Key Research Areas and Institutions:
- Natural Resources: A significant portion of research is directed towards the oil and gas industry, including exploration, extraction, processing, and transportation technologies. Geological surveys and mineral resource assessment are also important.
- Agriculture: Research focuses on developing crop varieties (especially cotton and wheat) adapted to Turkmenistan's arid conditions, improving irrigation techniques, pest control, and livestock breeding. The Desert Institute has historically conducted research on desertification and land reclamation.
- Renewable Energy: There is some stated government interest in developing renewable energy sources, particularly solar energy, given the country's high levels of sunshine. Research and pilot projects in this area are emerging, often with international collaboration.
- Medicine and Pharmaceuticals: Research in medicine focuses on local health challenges and, at times, the study of traditional medicinal plants.
- Information Technology and Communications: The government has expressed aims to develop the IT sector and digitalize the economy, including the establishment of technology parks. However, progress is often hampered by limited internet freedom and state control over telecommunications.

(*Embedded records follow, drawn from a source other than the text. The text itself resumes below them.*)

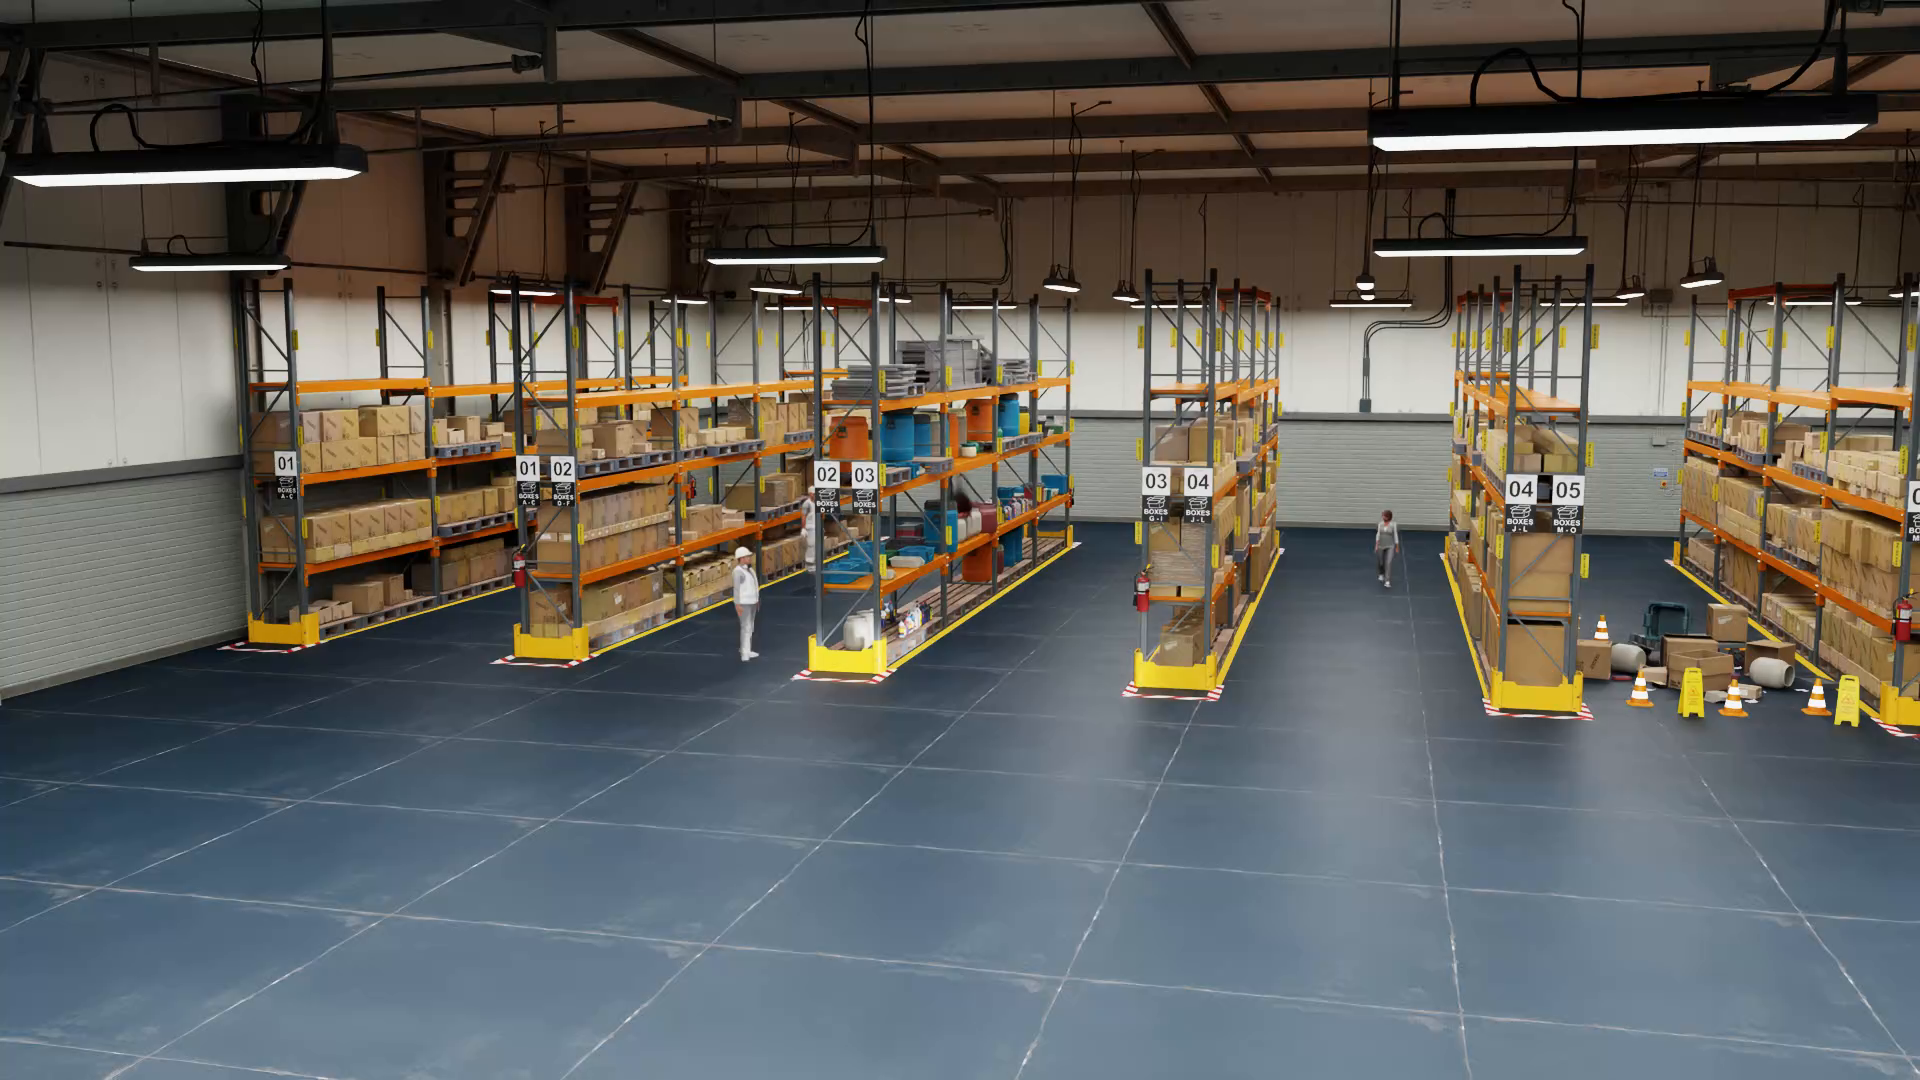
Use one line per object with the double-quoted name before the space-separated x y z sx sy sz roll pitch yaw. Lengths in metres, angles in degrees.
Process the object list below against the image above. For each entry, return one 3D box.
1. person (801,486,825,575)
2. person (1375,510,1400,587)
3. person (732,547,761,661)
"person" -2.945 -0.204 33.632 0.427 1.805 0.574 2 7 15
"person" 8.733 0.151 33.991 0.497 1.557 0.823 1 7 12
"person" -3.369 0.993 26.220 0.361 1.778 0.607 2 7 16

- The Academy of Sciences of Turkmenistan is the main state body overseeing scientific research. It comprises various institutes dedicated to specific fields, such as chemistry, physics, mathematics, seismology, history, archaeology, and language and literature. The Academy was disbanded by President Niyazov in 1998 but re-established by President Berdimuhamedow in 2007.
- Universities and specialized higher education institutes also conduct research, though often with limited resources and autonomy.
Government Policies and Investment:
The government is the primary funder and director of scientific and technological development. State programs often outline priorities and targets. There has been investment in new research facilities and modernizing some existing ones, particularly in Ashgabat. The development of "technoparks" or technology parks, such as one planned near Bikrova (near Ashgabat), has been announced with the aim of fostering innovation and integrating research with production, including areas like alternative energy and nanotechnology.
Social and Environmental Implications:
- Focus on Extractive Industries: The heavy focus on oil and gas can overshadow investment in other scientific fields and sustainable technologies. The environmental impact of resource extraction (e.g., methane emissions, land degradation) is a significant concern that requires robust scientific assessment and technological solutions, which are not always prioritized or transparently addressed.
- Limited International Collaboration and Openness: While some international scientific collaboration occurs, the overall political and informational isolation of the country can limit the exchange of knowledge, access to global research networks, and peer review.
- Human Capital: Developing a highly skilled scientific workforce requires sustained investment in quality education at all levels, academic freedom, and opportunities for researchers, which remain challenges.
- Application of Technology: The application of new technologies in various sectors (e.g., agriculture, water management, industry) is crucial for improving efficiency and sustainability, but implementation can be slow or uneven.
Overall, while Turkmenistan has a formal scientific structure and research agenda, its development is closely tied to state directives and resource wealth, with limitations imposed by the political system on openness, international collaboration, and academic freedom. The societal benefits of technological advancements are not always widely distributed or transparently managed.